Task details:
Exclude every picture and return the remaining entries below verbatim.

----- Material for this exercise -----

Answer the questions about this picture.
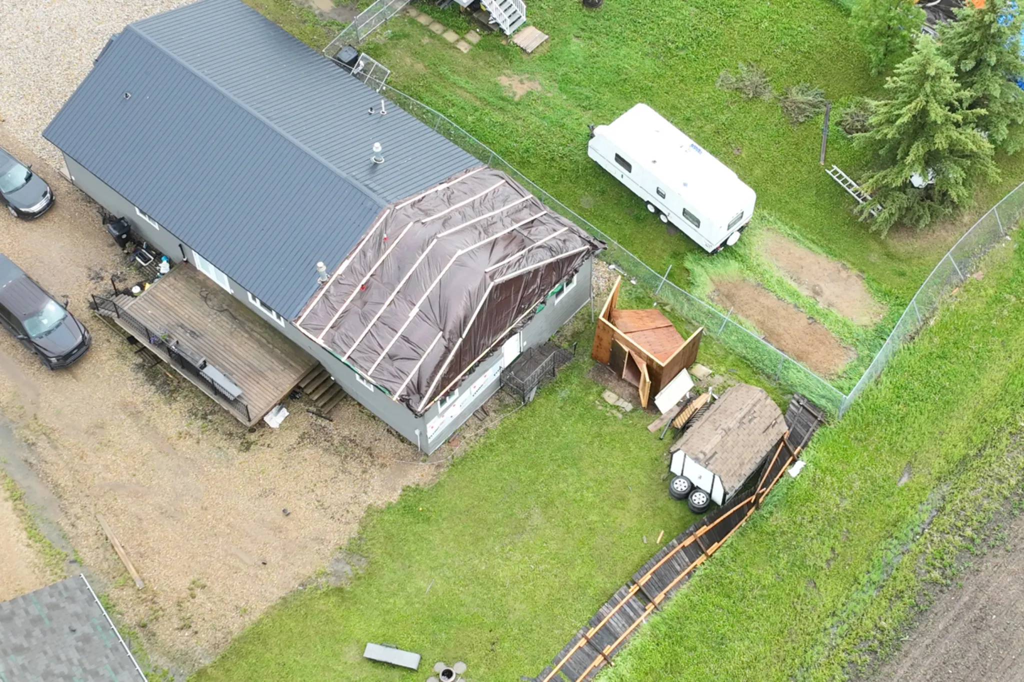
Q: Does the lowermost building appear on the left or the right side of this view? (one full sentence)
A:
The lowermost building sits on the left side.
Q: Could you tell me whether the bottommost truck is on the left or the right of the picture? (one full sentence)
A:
It is on the left.
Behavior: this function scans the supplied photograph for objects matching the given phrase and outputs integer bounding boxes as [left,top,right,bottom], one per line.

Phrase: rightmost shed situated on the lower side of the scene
[665,381,789,506]
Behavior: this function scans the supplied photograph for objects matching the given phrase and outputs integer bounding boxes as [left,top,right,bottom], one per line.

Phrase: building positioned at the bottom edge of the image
[0,574,150,682]
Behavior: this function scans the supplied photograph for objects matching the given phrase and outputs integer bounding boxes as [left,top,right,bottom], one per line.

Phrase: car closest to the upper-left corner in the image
[0,147,56,225]
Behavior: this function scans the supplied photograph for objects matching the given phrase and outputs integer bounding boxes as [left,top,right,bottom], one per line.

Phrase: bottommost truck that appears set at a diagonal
[0,256,94,371]
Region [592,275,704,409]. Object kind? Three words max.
shed
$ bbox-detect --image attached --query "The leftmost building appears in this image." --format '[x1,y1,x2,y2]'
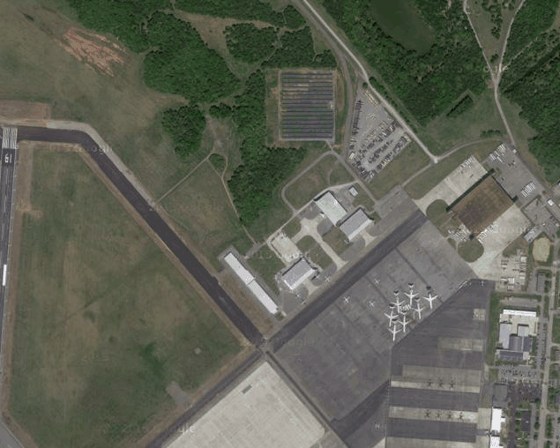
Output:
[224,252,256,286]
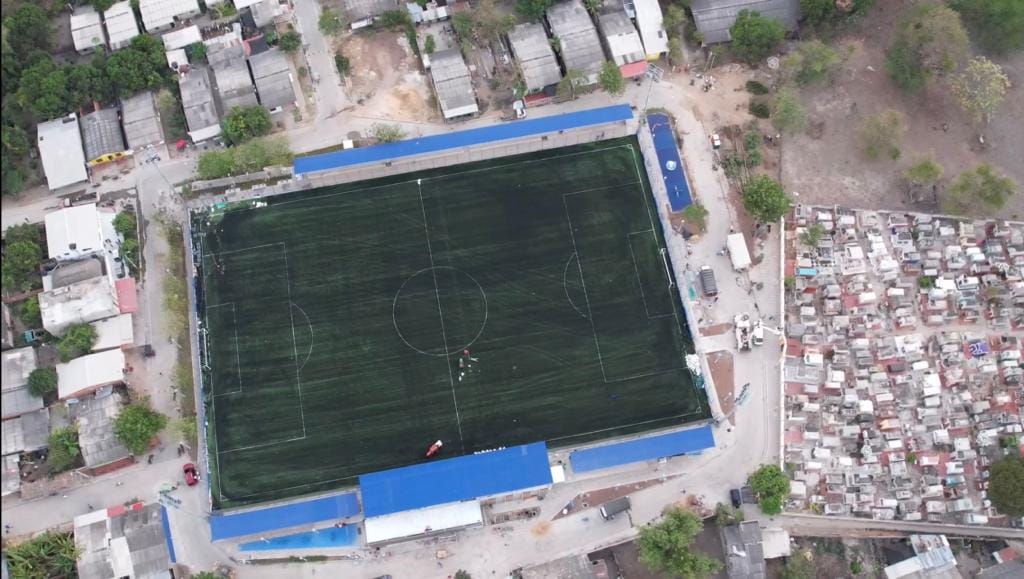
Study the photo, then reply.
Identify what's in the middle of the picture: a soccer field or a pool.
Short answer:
soccer field
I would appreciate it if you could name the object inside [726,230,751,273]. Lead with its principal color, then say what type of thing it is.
white truck
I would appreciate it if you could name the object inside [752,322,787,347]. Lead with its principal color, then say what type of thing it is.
white truck
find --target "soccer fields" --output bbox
[191,135,713,514]
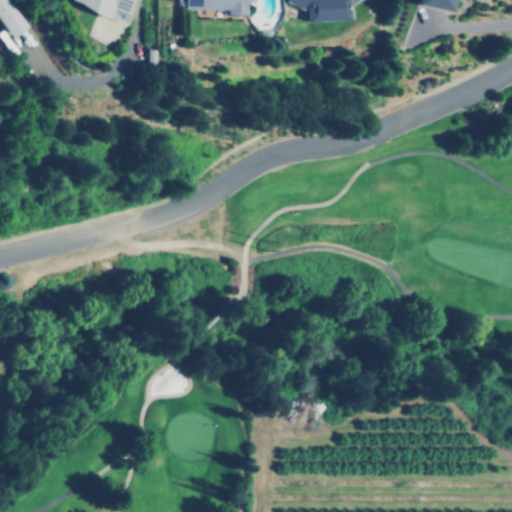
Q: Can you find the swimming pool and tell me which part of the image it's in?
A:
top
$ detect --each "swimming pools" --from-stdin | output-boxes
[254,0,281,36]

-----

Problem solution:
Answer the questions about this picture.
Q: Does the lowermost building appear on the left or the right side of this view? (one full sentence)
A:
The lowermost building sits on the left side.
Q: Could you tell me whether the bottommost truck is on the left or the right of the picture? (one full sentence)
A:
It is on the left.
Behavior: this function scans the supplied photograph for objects matching the given phrase and outputs integer bounding boxes as [left,top,right,bottom], one per line.

Phrase: rightmost shed situated on the lower side of the scene
[665,381,789,506]
Behavior: this function scans the supplied photograph for objects matching the given phrase and outputs integer bounding boxes as [left,top,right,bottom], one per line.

Phrase: building positioned at the bottom edge of the image
[0,574,150,682]
Behavior: this function scans the supplied photograph for objects matching the given phrase and outputs integer bounding boxes as [left,top,right,bottom], one per line.

Phrase: car closest to the upper-left corner in the image
[0,147,56,225]
Behavior: this function scans the supplied photograph for objects matching the given phrase and outputs integer bounding boxes as [left,top,right,bottom], one per line.

Phrase: bottommost truck that appears set at a diagonal
[0,256,94,371]
Region [592,275,704,409]. Object kind? Three words max.
shed
$ bbox-detect --image attached --query "The leftmost building appears in this image." --format '[x1,y1,x2,y2]'
Output:
[224,252,256,286]
Study the photo, then reply.
Identify what's in the middle of the picture: a soccer field or a pool.
Short answer:
soccer field
I would appreciate it if you could name the object inside [726,230,751,273]. Lead with its principal color, then say what type of thing it is.
white truck
I would appreciate it if you could name the object inside [752,322,787,347]. Lead with its principal color, then say what type of thing it is.
white truck
find --target "soccer fields" --output bbox
[191,135,713,514]
Q: Can you find the swimming pool and tell me which part of the image it's in?
A:
top
$ detect --each "swimming pools" --from-stdin | output-boxes
[254,0,281,36]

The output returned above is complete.